Snap, which refers to itself as a camera company, is a popular player in the social network space. The firm helps its users communicate with one another mostly by using pictures and videos (to which the firm refers as Snaps) on the Snapchat multimedia app, which is usable only on mobile devices such as smartphones.
Ultimately, Snap's competition, which includes wide-moat Facebook (FB)with nearly 2 billion users, is overwhelming, in our view. In particular, Facebook's Instagram may emerge as a substitute for Snapchat. The larger ecosystems of Snap's competitors may have also created somewhat of an exit barrier for their users, which we think could further limit the growth acceleration of Snapchat users.

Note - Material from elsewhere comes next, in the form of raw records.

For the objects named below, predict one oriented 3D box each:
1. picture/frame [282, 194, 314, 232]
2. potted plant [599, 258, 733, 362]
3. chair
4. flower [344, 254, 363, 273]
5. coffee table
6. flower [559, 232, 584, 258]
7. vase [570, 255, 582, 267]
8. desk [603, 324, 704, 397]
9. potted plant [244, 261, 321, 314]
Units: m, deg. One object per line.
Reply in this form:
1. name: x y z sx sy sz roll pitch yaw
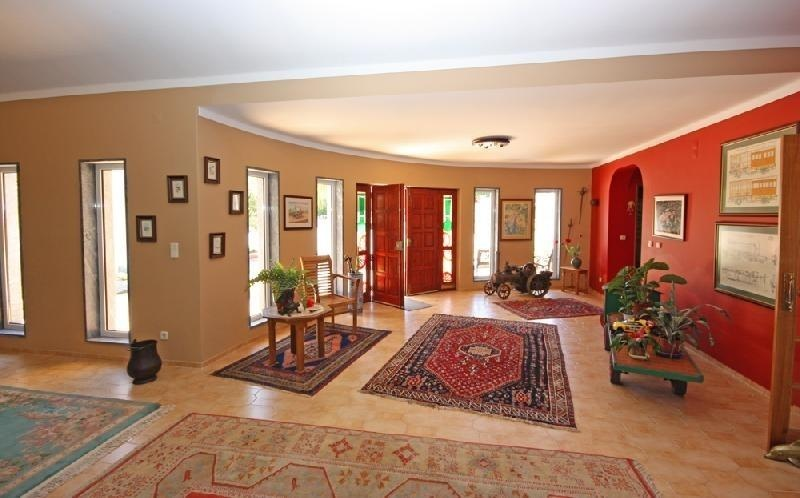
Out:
1. picture/frame: -1.747 -0.626 8.365 0.072 0.557 0.735 1 2 30
2. potted plant: 3.357 0.855 6.689 1.235 0.773 1.650 -5 12 2
3. chair: -1.204 0.644 8.316 1.127 1.553 1.228 -5 8 -33
4. flower: -0.913 0.282 9.571 0.283 0.350 0.132 7 -40 -27
5. coffee table: -1.535 1.225 7.023 0.925 0.689 0.898 5 10 23
6. flower: 3.808 -0.095 11.005 0.492 0.474 0.529 2 -3 42
7. vase: 3.824 0.269 10.695 0.258 0.252 0.241 -2 0 -3
8. desk: 3.092 1.435 6.041 0.709 0.315 1.272 2 10 22
9. potted plant: -1.523 0.535 6.990 0.854 0.532 0.854 8 12 36

In terms of Snap's addressable market, while digital ad budgets continue to grow, so does the number of ad inventory providers in the space, and there is no guarantee that a larger portion of new digital ad dollars will flow to Snap. We believe wide moats such as Facebook and Alphabet's (GOOG)(GOOGL) Google, which have proven the value of their ad inventories to advertisers over the years and together dominate the market, will probably continue to take more digital ad dollars over time.
Economic Moat
We assign Snap, Inc. a no-moat rating. While we believe the firm has displayed a network effect among its users and has begun to compile valuable user data, or intangible assets, we are not yet convinced that it will effectively monetize those users in order to generate excess return on capital for at least 10 years.
The firm is still in its early growth stage, and during its brief history, it has not generated excess returns and we do not see any indications that it will do so soon. Further, the competition, which includes wide-moat Facebook with nearly 2 billion users, is overwhelming, in our view.

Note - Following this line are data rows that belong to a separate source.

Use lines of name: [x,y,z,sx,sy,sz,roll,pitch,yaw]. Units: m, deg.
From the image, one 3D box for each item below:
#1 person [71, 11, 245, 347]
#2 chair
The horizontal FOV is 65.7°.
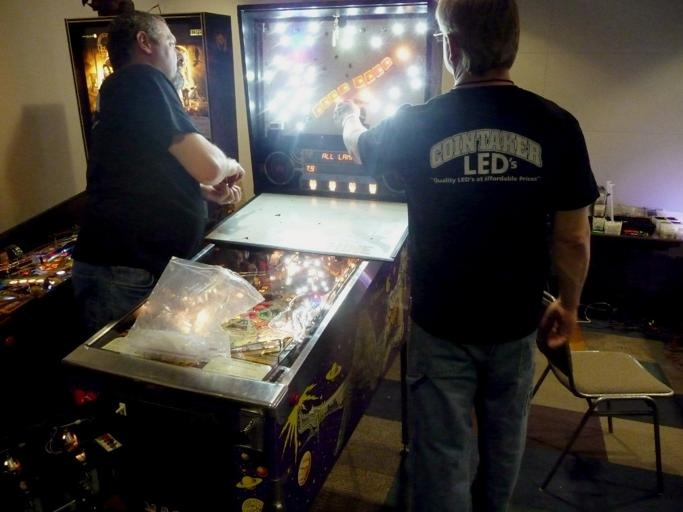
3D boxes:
person: [-0.918,-0.371,2.543,0.848,1.495,0.419,-3,20,-13]
chair: [1.317,0.640,2.800,0.739,0.991,0.720,3,13,18]

The larger ecosystems of Snap's competitors may have also created somewhat of an exit barrier for their users, which we think will further limit the growth acceleration of Snapchat users. In addition, growth in new users, user engagement, and time spent on Snap's Snapchat may be constrained in the long run given the 24-hour limit on time spent on various mobile device apps per day.
In terms of Snap's addressable market, while digital ad budgets continue to grow, so does the number of ad inventory providers in the space, so there is no guarantee that a larger portion of new digital ad dollars will flow to Snap.
Valuation
Our fair value estimate for Snap is $15 per share or a $21 billion market capitalization based on the company's estimated share count after its IPO. This fair value estimate represents enterprise value/sales multiples in 2017 and 2018 of 19.5 times and 10 times, respectively. We project tremendous revenue growth for Snap at a 10-year CAGR of 42%. Within our discounted cash flow model's initial 10-year projection, we have assumed that Snap will become profitable in 2020 and will improve its current negative operating margin to an operating margin of more than 40% by the end of 2026, in line with average operating margins earned by its rival, Facebook, the last three years.

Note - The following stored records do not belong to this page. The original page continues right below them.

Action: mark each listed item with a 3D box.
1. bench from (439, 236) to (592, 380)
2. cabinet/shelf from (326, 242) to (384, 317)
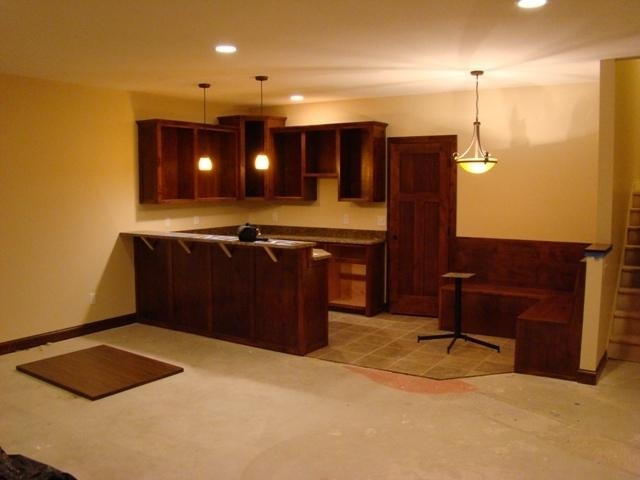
[{"bbox_3d":[2.212,0.659,6.254,1.727,1.269,1.881,4,11,24],"label":"bench"},{"bbox_3d":[0.444,0.555,7.937,1.100,1.072,0.410,2,4,41],"label":"cabinet/shelf"}]
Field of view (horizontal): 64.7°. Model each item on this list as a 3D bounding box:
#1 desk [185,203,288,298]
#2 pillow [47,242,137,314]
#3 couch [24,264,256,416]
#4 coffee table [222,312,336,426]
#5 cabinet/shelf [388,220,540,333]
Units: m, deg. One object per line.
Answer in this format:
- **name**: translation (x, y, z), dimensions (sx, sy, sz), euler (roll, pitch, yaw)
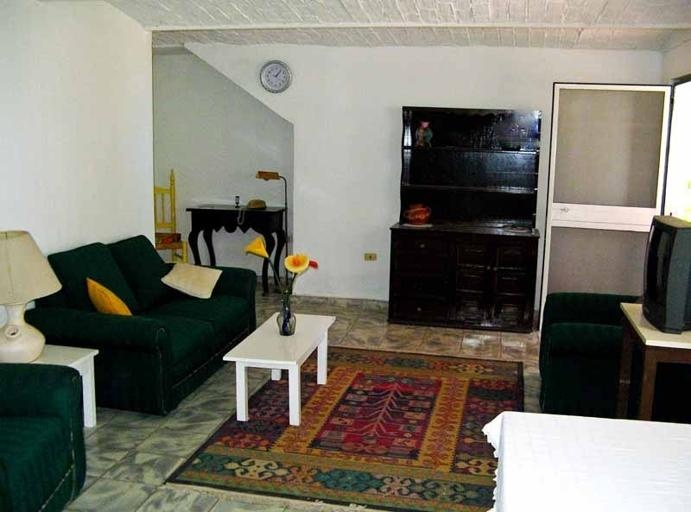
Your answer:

Snap's revenue growth will be driven primarily by growth in the firm's daily active users, or DAUs, overall online advertising, and increasing allocation of online ad dollars toward mobile and social network ads. We expect 149% and 87% year-over-year total revenue growth for Snap in 2017 and 2018, representing total revenue of $1 billion and $1.9 billion, respectively.
We have modeled improving gross margins going forward, as costs related to hosting are primarily fixed in nature, and we expect the ratio of revenue-to-ad revenue share payments and costs of content creation and data analysis to increase slightly as Snap may attain some pricing leverage over time.
We look for continuing growth in operating expenses as more investments in R&D plus higher sales and marketing expenses, which are necessary for Snap to differentiate itself and attract more users. We project that such costs will keep Snap operating results in the red in the near term, but ongoing revenue growth and gross margin expansion will lead to operating leverage and help Snap become profitable in 2020 with further expansion thereafter.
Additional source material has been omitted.